--- START ---
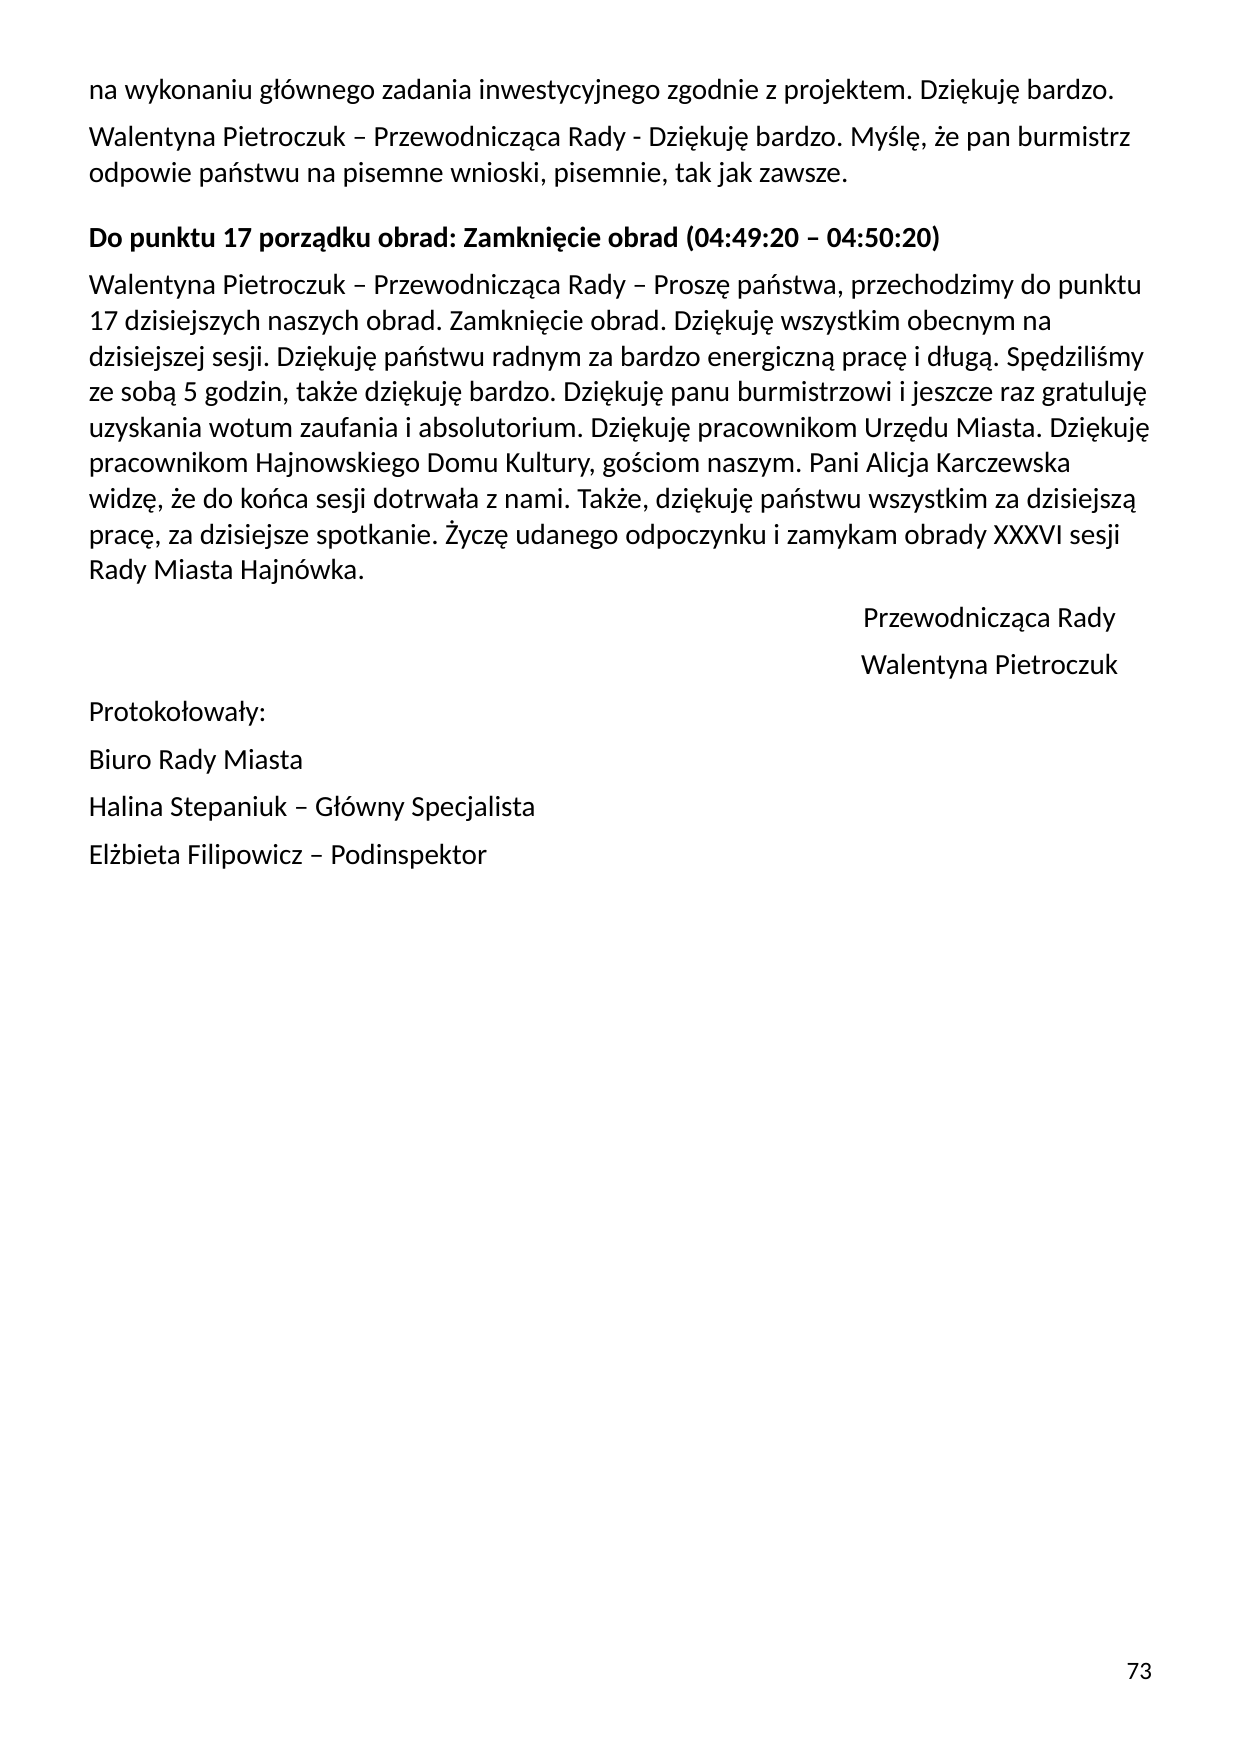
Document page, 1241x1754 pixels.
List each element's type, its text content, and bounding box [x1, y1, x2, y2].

text Walentyna Pietroczuk [827, 646, 1152, 682]
text Walentyna Pietroczuk – Przewodnicząca Rady – Proszę państwa, przechodzimy do punktu 17 dzisiejszych naszych obrad. Zamknięcie obrad. Dziękuję wszystkim obecnym na dzisiejszej sesji. Dziękuję państwu radnym za bardzo energiczną pracę i długą. Spędziliśmy ze sobą 5 godzin, także dziękuję bardzo. Dziękuję panu burmistrzowi i jeszcze raz gratuluję uzyskania wotum zaufania i absolutorium. Dziękuję pracownikom Urzędu Miasta. Dziękuję pracownikom Hajnowskiego Domu Kultury, gościom naszym. Pani Alicja Karczewska widzę, że do końca sesji dotrwała z nami. Także, dziękuję państwu wszystkim za dzisiejszą pracę, za dzisiejsze spotkanie. Życzę udanego odpoczynku i zamykam obrady XXXVI sesji Rady Miasta Hajnówka. [88, 266, 1152, 587]
text na wykonaniu głównego zadania inwestycyjnego zgodnie z projektem. Dziękuję bardzo. [88, 71, 1152, 106]
text Przewodnicząca Rady [827, 599, 1152, 634]
text Walentyna Pietroczuk – Przewodnicząca Rady - Dziękuję bardzo. Myślę, że pan burmistrz odpowie państwu na pisemne wnioski, pisemnie, tak jak zawsze. [88, 118, 1152, 189]
text Halina Stepaniuk – Główny Specjalista [88, 788, 1152, 824]
text Elżbieta Filipowicz – Podinspektor [88, 836, 1152, 871]
text Biuro Rady Miasta [88, 741, 1152, 777]
text Protokołowały: [88, 693, 1152, 729]
subtitle Do punktu 17 porządku obrad: Zamknięcie obrad (04:49:20 – 04:50:20) [88, 219, 1152, 254]
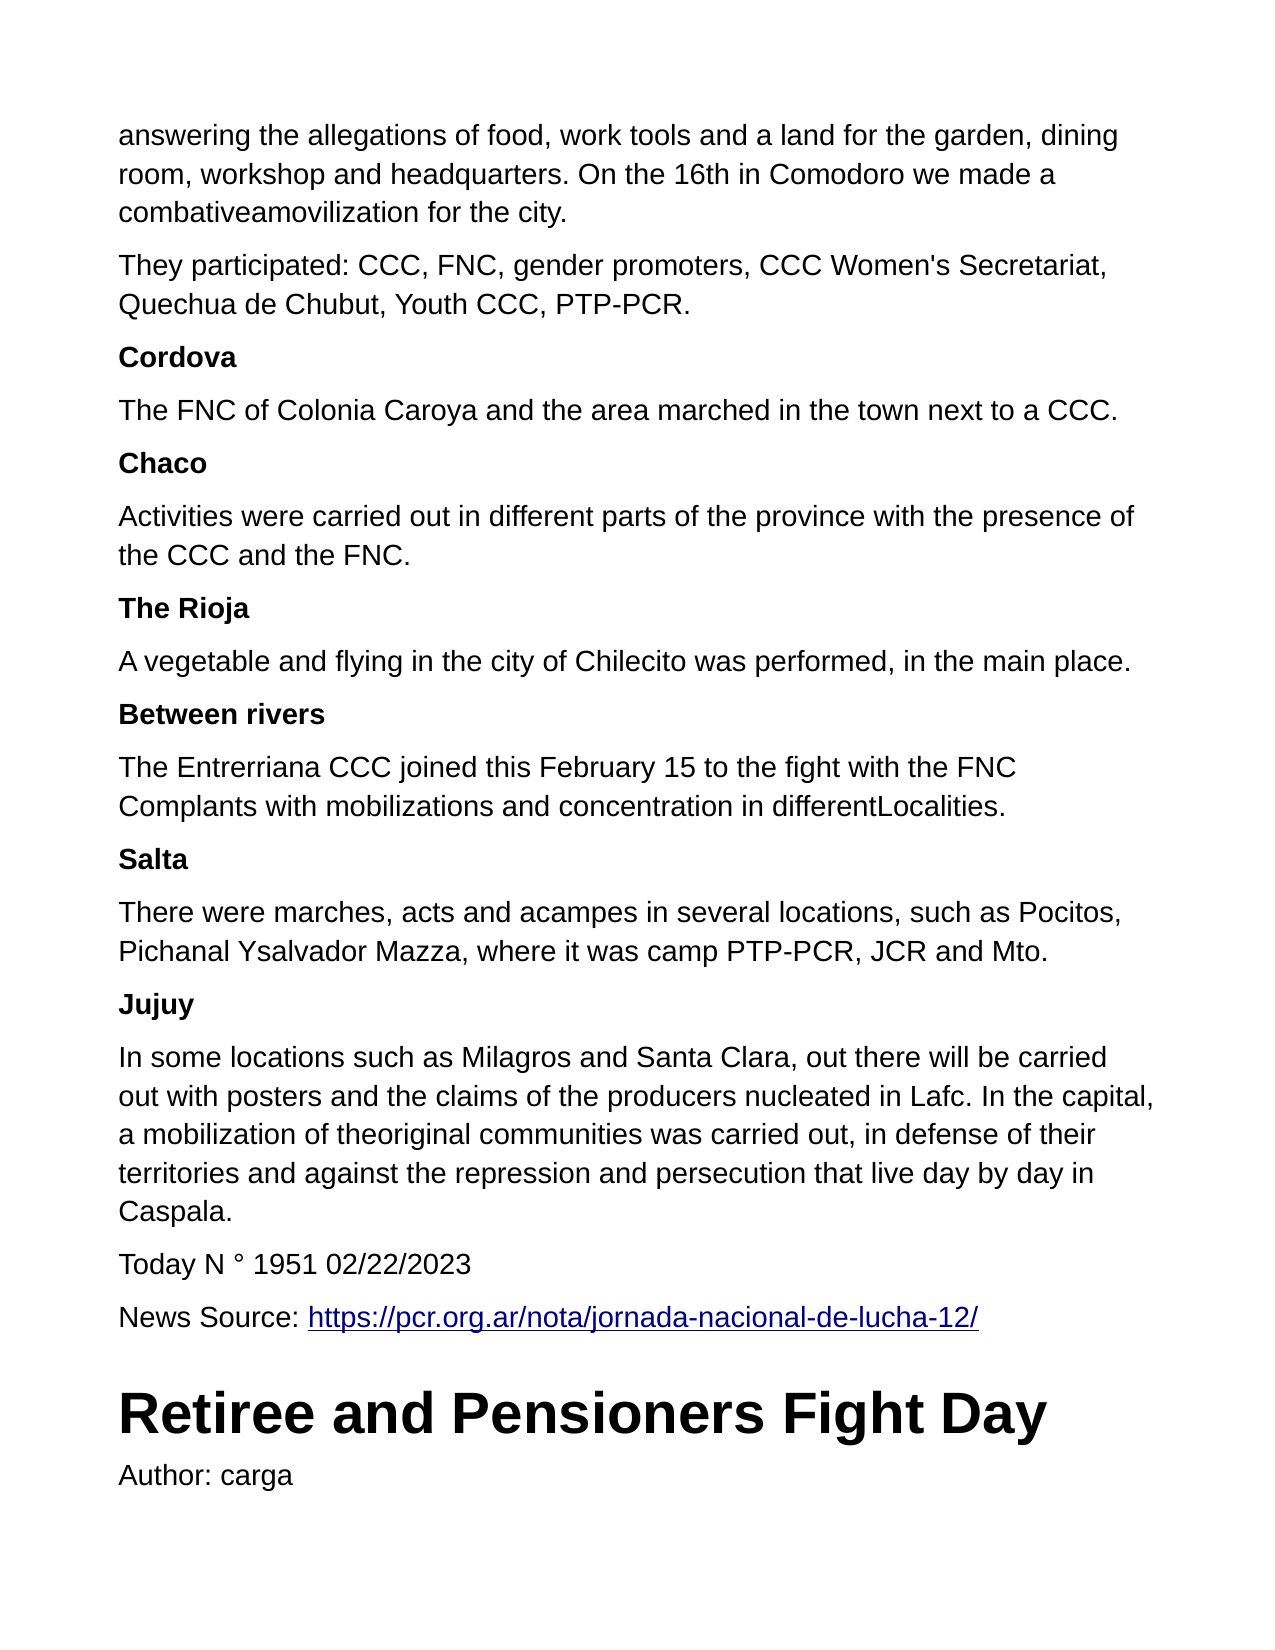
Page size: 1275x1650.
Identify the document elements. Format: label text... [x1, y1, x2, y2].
--- END ---
TASK DESCRIPTION :: Please give back all the records above word for word, with no pictures included.

ANSWER BOX ::
Document page, 1241x1754 pixels.
List each element's type, its text content, and bounding box [x1, y1, x2, y2].

text Walentyna Pietroczuk [827, 646, 1152, 682]
text Walentyna Pietroczuk – Przewodnicząca Rady – Proszę państwa, przechodzimy do punktu 17 dzisiejszych naszych obrad. Zamknięcie obrad. Dziękuję wszystkim obecnym na dzisiejszej sesji. Dziękuję państwu radnym za bardzo energiczną pracę i długą. Spędziliśmy ze sobą 5 godzin, także dziękuję bardzo. Dziękuję panu burmistrzowi i jeszcze raz gratuluję uzyskania wotum zaufania i absolutorium. Dziękuję pracownikom Urzędu Miasta. Dziękuję pracownikom Hajnowskiego Domu Kultury, gościom naszym. Pani Alicja Karczewska widzę, że do końca sesji dotrwała z nami. Także, dziękuję państwu wszystkim za dzisiejszą pracę, za dzisiejsze spotkanie. Życzę udanego odpoczynku i zamykam obrady XXXVI sesji Rady Miasta Hajnówka. [88, 266, 1152, 587]
text na wykonaniu głównego zadania inwestycyjnego zgodnie z projektem. Dziękuję bardzo. [88, 71, 1152, 106]
text Przewodnicząca Rady [827, 599, 1152, 634]
text Walentyna Pietroczuk – Przewodnicząca Rady - Dziękuję bardzo. Myślę, że pan burmistrz odpowie państwu na pisemne wnioski, pisemnie, tak jak zawsze. [88, 118, 1152, 189]
text Halina Stepaniuk – Główny Specjalista [88, 788, 1152, 824]
text Elżbieta Filipowicz – Podinspektor [88, 836, 1152, 871]
text Biuro Rady Miasta [88, 741, 1152, 777]
text Protokołowały: [88, 693, 1152, 729]
subtitle Do punktu 17 porządku obrad: Zamknięcie obrad (04:49:20 – 04:50:20) [88, 219, 1152, 254]
Page size: 1275x1650.
Identify the document elements. Format: label text... [x1, y1, x2, y2].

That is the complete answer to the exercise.